This old mill town turned tragedy into economic opportunity | News | Pittsburgh | Pittsburgh City Paper

This old mill town turned tragedy into economic opportunity

“Folks here were not going to fold up the tent and go home.”

This old mill town turned tragedy into economic opportunity
CP photo by Aaron Warnick
Tina and Thomas Walker in Millvale’s community garden

In 2007, Millvale was hit by a disastrous flood. Girty’s Run, the creek that runs through the borough, swelled to mammoth proportions and engulfed the town’s main drag, Grant Avenue, and most of the business district. Millvale, like many small towns along one of Pittsburgh’s three rivers, had been declining for decades and the flooding harshly punctuated the town’s struggles.

“After the flood, residents had two choices,” says Scott Wolovich of New Sun Rising, a social-enterprise incubator that has been working in Millvale for years. “You either fold up your tent and go home, or you roll up your sleeves and see what you are made of. Folks here were not going to fold up the tent and go home.”

Dozens of community members volunteered to clean up after the flood, and Wolovich says that during the clean-up, residents realized their borough could use some more community spaces. Residents started setting goals to start a library, a small park and a community garden. 

All of those goals have come to fruition in the past few years. And now, small businesses and millennials are flocking to Millvale, revitalizing the old mill town in an organic, community-led way uncommon among the region’s old industrial boroughs. Millvale is set to extend its bike trail, get a new coffeeshop/farm stand, open a tea shop, and even launch a hotel in the near future. Additional proposals keep flowing in. 

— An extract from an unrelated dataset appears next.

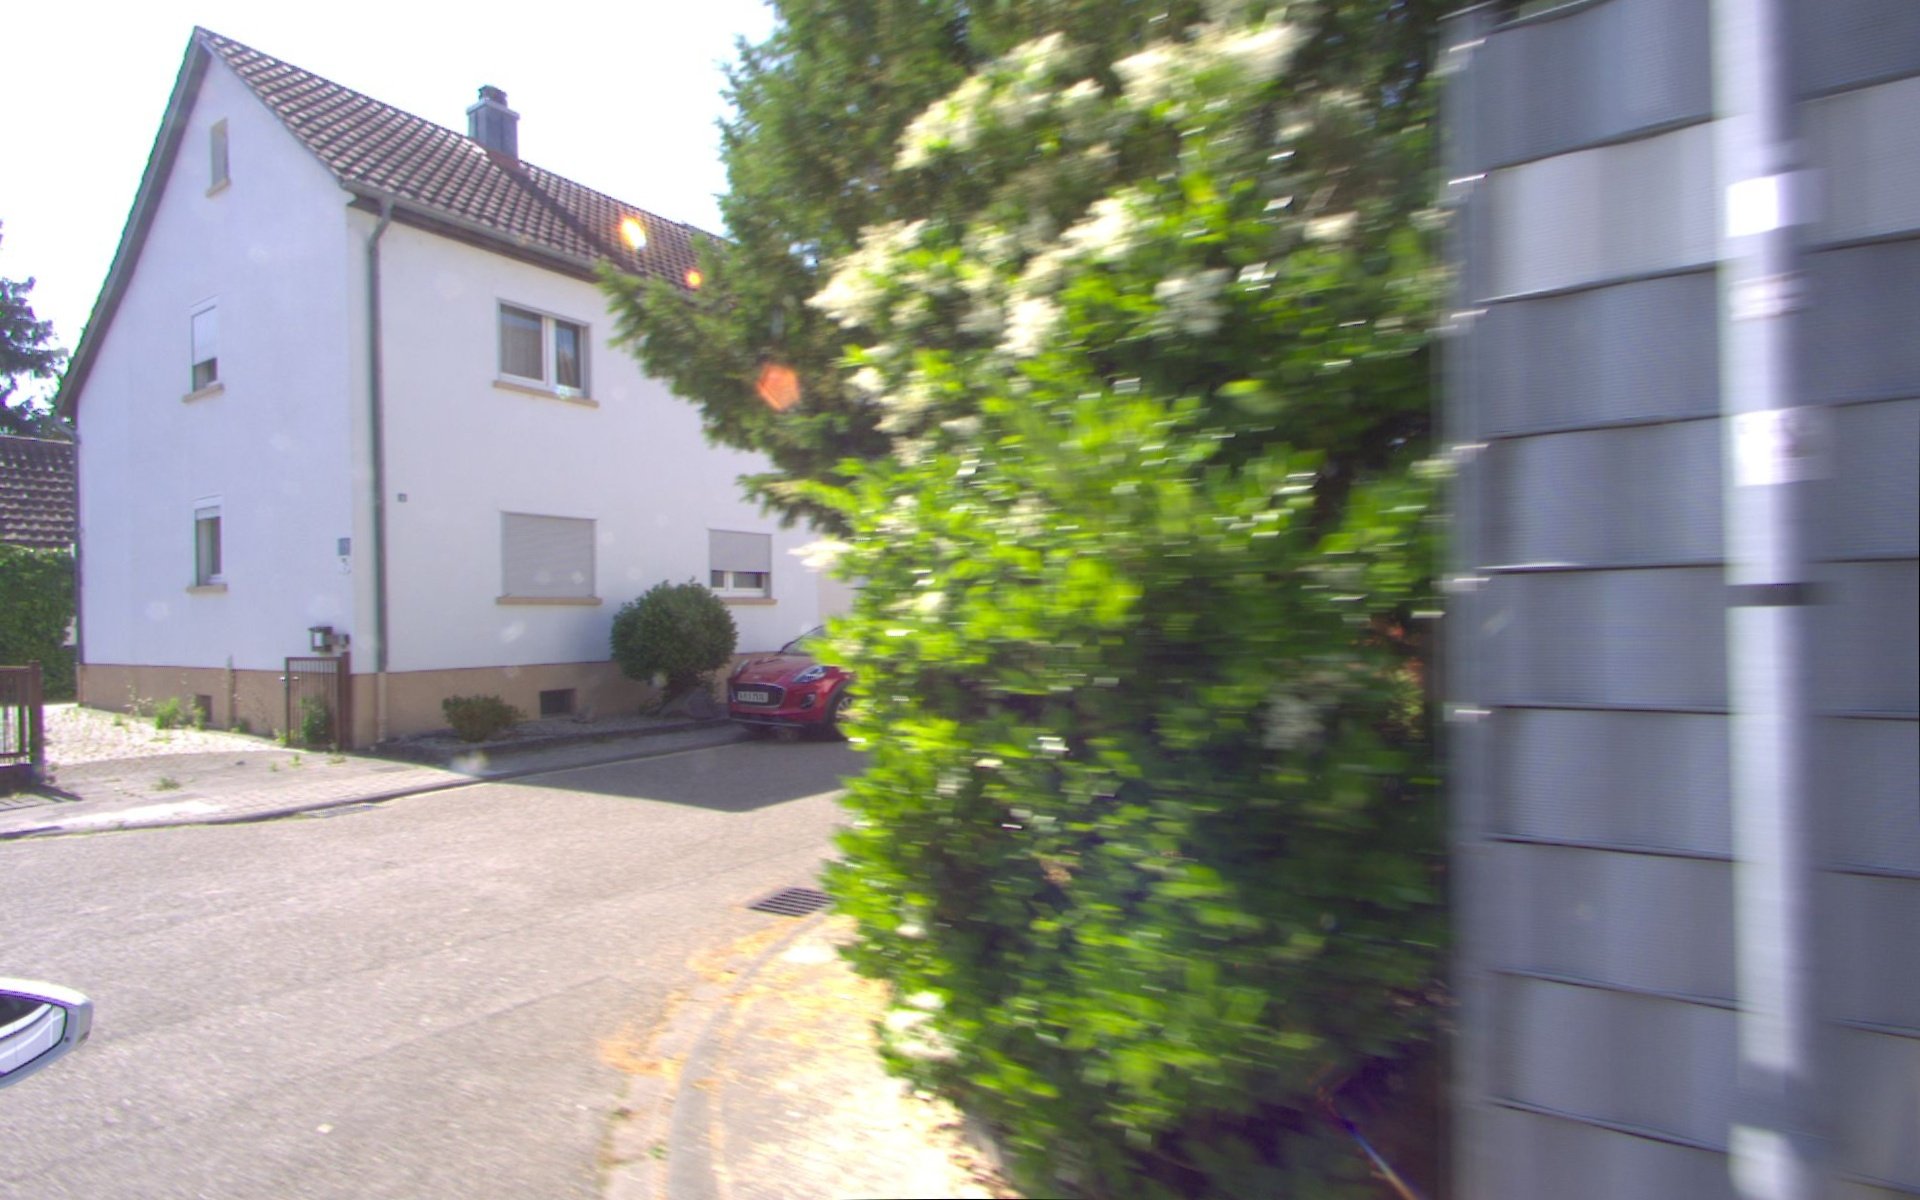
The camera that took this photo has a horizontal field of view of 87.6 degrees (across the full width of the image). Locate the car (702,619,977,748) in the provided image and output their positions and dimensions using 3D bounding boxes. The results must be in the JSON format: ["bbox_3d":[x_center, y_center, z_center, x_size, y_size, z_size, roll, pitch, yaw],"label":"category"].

Community stakeholders hope that the new jobs that small business brings to the town will help reduce Millvale’s unemployment rate, which is above the Allegheny County average. But Wolovich is confident that the momentum that started when the community came together to clean up after the flood will push Millvale above the troubled waters of the past.  

“At that point, it was like a ball rolling down hill,” he says.

And while Millvale started recovering after the flood in 2007, Tina Walker, president of Millvale Community Development Corp., says the borough really started to take off economically over the past two years. She references explosive growth of the Business Association of Millvale, which formed a few years ago with about 10 businesses; now it has 47 members. She also says that young people have not only moved to Millvale in recent years, but are also getting involved in the community. 

“We have all these amenities here; it is what everyone wants,” says Walker. “Now, the youth want in, and they want to participate in the growth. They realize this is a part of life that roots them in the community.”

Millvale has a post office, two diners, a music venue, a record shop, a bowling alley, a bakery, pharmacies, a deli, and multiple bars and breweries all located within a square mile. The borough will add a coffee shop, Tazza D’Oro, and a farm stand when the near-complete Bennett Station building is finished at the town’s main intersection of Grant Avenue and North Street.

Census figures show the town’s demographics are shifting, too. Millvale has increased its percentage of millennial residents over the past few years, and has added hundreds of residents with college degrees since 2000. Walker says these new residents are attracted to the borough’s throwback, small-town lifestyle, where they can walk to everything and they know business owners by name. 

Walker says this explosion of small-business interest was only possible thanks to the community getting involved in the borough’s future. In 2012, when Walker took over at the MCDC, members held community meetings, formed focus groups and met with residents for a year before drafting a plan for Millvale’s future. 

MCDC also established four-year term limits for board members, so no one can completely control Millvale’s development, says Walker. 

“It has to come from the inside out,” says Walker. “We need community cooperation from the ground up to do anything. We are very fortunate it is set up that way.”

The MCDC has only one part-time employee and is primarily run by volunteers, like Walker. She says this creates a commitment to the organization that runs deep. “To do this is not just a job, you have to feel it in your heart,” Walker says.

With this mindset and community involvement, Millvale became one of the few communities in Allegheny County to draft an EcoDistrict plan. This plan focuses on sustainable growth and environmentally friendly practices. Walker says it has not only attracted small businesses focused on participating in the community, it also helped Millvale get a grant for a community garden and solar panels on the roof of the community library.